— Assignment —
From the listing below, copy out every line where the word "NavigationContainer" appears.

— Exercise materials —
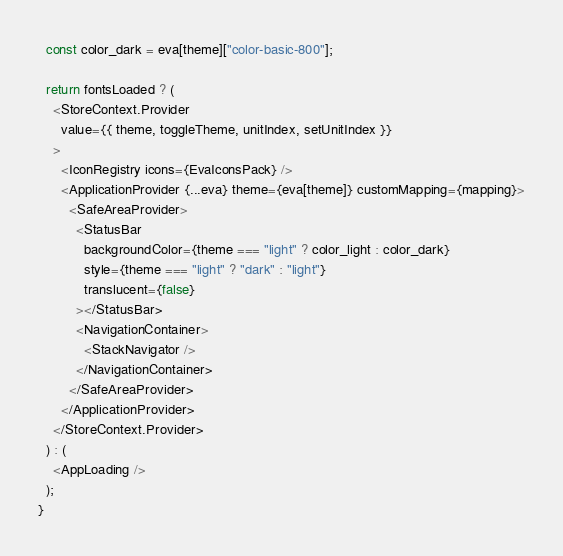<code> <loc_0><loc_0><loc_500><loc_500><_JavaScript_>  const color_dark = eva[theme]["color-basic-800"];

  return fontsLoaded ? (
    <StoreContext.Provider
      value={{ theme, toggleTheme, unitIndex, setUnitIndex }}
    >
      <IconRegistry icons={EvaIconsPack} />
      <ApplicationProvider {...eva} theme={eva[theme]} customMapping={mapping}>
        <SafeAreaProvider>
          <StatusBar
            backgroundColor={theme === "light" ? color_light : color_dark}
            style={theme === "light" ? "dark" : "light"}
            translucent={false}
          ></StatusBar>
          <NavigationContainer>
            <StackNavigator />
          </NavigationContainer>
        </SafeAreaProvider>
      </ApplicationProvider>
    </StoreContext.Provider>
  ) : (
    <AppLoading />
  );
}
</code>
---
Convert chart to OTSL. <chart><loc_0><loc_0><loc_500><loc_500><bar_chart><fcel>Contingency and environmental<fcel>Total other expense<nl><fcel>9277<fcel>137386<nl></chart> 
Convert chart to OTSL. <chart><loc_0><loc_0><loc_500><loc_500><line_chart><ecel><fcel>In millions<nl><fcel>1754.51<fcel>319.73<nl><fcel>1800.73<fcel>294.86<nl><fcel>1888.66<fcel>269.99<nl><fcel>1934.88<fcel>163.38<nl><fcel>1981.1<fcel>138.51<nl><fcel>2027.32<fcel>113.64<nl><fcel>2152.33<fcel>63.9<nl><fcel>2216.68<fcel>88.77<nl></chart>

— Exercise solution —
          <NavigationContainer>
          </NavigationContainer>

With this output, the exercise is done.